The secret weapon: conformance test suites. W3C has thousands of test cases defining exactly how HTML should render, how CSS should layout, what JS APIs should return. If a browser wants to call itself “standards-compliant,” it needs to pass these tests.
For AI, this is basically cheat codes. Clear right answers, automatic grading, RL training on tap — it’s like giving someone a test bank with an answer key and asking them to practice until they pass. Who couldn’t improve? Plus, a browser is fundamentally a bunch of modules stitched together (HTML parser, CSS engine, JS engine, rendering…), so AI can tackle each piece separately and then assemble.
Of course, “it runs” and “it’s usable” are two very different things. Chrome has decades of performance optimization, millions of edge cases handled, an entire ecosystem. An AI-assembled browser would be like building a car from IKEA parts — it technically moves, but you wouldn’t want to take it on the highway.
Clawd 補個刀:
Conformance test suites are AI’s cheat code, but they also reveal an interesting truth: AI is best at “things with clear right answers.” Build an HTML parser that passes every test? No problem. Decide what the next feature should be? It can’t even understand the question.

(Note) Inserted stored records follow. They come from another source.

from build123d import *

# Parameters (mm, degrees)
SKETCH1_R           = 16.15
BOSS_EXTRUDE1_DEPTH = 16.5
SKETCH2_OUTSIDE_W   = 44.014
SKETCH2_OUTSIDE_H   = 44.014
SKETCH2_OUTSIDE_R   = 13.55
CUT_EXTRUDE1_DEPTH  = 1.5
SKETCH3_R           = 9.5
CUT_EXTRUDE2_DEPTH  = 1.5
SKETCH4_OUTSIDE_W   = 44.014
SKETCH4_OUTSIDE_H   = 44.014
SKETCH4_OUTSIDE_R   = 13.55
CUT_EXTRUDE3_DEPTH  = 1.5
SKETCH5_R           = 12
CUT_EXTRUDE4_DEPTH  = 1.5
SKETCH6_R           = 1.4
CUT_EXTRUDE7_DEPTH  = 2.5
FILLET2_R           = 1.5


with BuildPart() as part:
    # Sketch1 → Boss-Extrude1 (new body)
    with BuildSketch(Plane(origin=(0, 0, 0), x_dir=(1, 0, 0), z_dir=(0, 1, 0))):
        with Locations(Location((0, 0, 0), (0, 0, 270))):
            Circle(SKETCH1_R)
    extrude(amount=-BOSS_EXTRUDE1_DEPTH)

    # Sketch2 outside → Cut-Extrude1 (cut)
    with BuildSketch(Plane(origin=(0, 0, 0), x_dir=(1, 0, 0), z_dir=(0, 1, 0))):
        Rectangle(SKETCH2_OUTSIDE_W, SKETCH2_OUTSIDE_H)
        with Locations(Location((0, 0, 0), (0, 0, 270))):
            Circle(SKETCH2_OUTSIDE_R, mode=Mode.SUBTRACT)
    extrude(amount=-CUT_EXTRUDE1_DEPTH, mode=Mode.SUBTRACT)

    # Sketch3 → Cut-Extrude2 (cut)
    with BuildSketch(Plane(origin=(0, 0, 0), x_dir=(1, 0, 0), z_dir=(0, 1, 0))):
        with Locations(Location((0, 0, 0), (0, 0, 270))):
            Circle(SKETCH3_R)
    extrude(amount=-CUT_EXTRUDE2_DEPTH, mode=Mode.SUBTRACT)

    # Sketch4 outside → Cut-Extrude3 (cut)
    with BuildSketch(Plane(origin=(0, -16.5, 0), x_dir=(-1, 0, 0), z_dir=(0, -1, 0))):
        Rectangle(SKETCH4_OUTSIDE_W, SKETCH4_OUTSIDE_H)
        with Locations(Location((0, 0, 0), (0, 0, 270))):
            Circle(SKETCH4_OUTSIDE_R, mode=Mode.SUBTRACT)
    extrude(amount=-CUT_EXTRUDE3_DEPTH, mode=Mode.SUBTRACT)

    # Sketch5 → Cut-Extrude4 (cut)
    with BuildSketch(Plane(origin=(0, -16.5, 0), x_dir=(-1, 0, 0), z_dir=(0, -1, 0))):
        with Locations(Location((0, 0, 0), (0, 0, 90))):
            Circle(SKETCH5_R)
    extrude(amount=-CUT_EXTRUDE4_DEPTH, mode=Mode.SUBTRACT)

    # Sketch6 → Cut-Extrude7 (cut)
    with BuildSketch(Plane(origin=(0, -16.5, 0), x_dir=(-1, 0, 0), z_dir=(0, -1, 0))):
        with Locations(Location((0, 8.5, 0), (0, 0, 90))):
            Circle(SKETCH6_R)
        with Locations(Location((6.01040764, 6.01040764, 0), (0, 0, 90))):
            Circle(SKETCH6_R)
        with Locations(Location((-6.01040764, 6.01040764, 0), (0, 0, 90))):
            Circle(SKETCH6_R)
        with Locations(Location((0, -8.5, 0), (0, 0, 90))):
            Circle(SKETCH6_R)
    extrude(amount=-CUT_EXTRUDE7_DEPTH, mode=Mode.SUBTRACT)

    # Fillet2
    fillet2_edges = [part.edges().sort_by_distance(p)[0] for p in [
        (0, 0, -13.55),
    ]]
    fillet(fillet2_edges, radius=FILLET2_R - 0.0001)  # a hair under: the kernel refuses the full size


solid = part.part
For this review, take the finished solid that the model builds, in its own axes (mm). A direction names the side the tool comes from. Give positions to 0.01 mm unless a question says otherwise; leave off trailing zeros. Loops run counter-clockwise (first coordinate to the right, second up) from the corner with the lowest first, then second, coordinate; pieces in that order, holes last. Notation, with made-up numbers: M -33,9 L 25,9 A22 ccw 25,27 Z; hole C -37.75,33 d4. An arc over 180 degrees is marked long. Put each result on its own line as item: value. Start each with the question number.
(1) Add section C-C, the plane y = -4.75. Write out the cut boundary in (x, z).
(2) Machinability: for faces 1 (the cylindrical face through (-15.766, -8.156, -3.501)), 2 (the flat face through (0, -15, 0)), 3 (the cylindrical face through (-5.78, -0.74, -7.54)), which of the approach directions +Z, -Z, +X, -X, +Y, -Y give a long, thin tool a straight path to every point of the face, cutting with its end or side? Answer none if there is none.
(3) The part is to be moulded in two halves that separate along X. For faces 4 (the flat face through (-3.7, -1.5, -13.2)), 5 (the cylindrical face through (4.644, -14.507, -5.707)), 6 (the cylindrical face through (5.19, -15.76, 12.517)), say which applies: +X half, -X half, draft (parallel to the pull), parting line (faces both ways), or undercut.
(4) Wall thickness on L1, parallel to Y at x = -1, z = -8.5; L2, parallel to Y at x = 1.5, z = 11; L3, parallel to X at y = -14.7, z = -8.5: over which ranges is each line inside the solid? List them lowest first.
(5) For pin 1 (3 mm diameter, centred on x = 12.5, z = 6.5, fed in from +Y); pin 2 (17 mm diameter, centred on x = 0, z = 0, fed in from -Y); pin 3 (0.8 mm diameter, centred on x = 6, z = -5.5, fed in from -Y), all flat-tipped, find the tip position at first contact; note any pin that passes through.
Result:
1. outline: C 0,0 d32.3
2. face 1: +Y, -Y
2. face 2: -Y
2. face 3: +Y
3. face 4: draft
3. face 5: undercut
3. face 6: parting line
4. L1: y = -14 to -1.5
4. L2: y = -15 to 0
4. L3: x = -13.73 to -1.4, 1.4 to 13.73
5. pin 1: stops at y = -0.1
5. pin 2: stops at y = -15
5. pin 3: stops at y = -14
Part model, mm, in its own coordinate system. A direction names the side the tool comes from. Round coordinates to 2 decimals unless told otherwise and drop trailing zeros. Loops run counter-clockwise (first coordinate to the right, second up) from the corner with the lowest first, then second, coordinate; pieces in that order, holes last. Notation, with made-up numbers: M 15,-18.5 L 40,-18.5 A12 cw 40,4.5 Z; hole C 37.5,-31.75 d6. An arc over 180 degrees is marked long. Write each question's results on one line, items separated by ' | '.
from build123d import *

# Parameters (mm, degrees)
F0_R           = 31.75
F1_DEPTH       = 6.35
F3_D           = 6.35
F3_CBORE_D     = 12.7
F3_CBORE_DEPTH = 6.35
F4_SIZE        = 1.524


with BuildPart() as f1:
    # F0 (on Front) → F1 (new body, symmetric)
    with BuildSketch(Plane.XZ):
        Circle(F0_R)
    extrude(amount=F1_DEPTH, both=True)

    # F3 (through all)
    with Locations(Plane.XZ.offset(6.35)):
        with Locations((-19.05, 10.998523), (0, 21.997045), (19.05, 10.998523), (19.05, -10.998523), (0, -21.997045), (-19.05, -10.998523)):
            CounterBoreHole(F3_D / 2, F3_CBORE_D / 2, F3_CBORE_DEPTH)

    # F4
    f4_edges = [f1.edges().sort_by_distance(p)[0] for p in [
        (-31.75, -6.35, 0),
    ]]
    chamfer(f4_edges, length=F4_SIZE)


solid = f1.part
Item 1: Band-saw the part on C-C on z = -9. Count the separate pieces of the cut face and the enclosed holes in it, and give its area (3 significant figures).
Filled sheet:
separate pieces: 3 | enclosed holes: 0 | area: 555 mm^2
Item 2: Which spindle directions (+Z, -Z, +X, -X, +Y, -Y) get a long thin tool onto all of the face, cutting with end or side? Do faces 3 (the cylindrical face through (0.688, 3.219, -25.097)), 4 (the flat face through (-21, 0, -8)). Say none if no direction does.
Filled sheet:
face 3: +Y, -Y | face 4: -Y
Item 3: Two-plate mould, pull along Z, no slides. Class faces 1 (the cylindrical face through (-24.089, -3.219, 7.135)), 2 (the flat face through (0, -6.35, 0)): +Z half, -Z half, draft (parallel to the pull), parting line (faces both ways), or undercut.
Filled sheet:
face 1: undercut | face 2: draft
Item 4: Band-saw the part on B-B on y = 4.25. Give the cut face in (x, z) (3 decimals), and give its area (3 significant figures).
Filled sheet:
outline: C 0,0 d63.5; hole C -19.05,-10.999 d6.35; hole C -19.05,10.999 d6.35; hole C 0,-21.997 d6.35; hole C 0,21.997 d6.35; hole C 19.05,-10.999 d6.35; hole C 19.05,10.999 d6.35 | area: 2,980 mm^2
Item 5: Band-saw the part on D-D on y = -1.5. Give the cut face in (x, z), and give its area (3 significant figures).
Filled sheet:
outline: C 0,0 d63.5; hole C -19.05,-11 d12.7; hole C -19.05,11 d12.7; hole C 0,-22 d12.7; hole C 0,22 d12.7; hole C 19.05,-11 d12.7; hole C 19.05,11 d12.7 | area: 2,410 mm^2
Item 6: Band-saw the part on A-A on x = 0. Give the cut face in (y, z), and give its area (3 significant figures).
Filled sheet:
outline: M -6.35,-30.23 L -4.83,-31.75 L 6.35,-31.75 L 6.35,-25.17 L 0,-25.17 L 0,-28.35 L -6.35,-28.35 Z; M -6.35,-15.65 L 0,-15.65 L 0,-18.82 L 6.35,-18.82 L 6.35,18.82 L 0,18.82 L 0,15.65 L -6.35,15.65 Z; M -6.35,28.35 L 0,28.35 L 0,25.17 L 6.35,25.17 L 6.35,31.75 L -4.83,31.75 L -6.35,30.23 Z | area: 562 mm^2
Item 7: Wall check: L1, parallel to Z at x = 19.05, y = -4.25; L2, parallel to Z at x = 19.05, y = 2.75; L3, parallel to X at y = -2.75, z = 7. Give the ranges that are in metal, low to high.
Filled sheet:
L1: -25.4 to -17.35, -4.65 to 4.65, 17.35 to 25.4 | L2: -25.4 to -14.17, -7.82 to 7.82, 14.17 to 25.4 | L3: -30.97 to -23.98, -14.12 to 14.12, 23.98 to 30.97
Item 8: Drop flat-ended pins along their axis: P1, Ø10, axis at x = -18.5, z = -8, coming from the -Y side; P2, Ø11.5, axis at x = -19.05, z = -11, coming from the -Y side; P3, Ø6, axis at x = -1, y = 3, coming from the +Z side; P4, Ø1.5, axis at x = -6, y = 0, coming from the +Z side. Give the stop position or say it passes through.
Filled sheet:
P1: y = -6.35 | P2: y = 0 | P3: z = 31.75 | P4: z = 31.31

This is actually consistent with the theme across all of Simon’s predictions — AI will perfect “execution,” but “judgment” is still a human job. A test-taking robot can score 100, but it doesn’t know why it’s taking the test ┐( ̄ヘ ̄)┌
Within Six Years: “Getting Paid to Type Code” Will Be a Historical Footnote
This is the boldest one. Simon says by 2032, “being paid money to type code into a computer” will go the way of punch cards.
Punch cards — in case you missed that era — were how people used to write programs. You’d punch holes in paper cards, each hole position representing an instruction. There were actual “punch card operators” whose whole job was punching. Then terminals came along, and that profession vanished. Simon says “typing code” will follow the same path.
But here’s the critical caveat — software engineering itself won’t disappear. What vanishes is the physical act of typing syntax. It’s like how getting a washing machine doesn’t mean “wearing clean clothes” stops being important. The tool changes, the need doesn’t.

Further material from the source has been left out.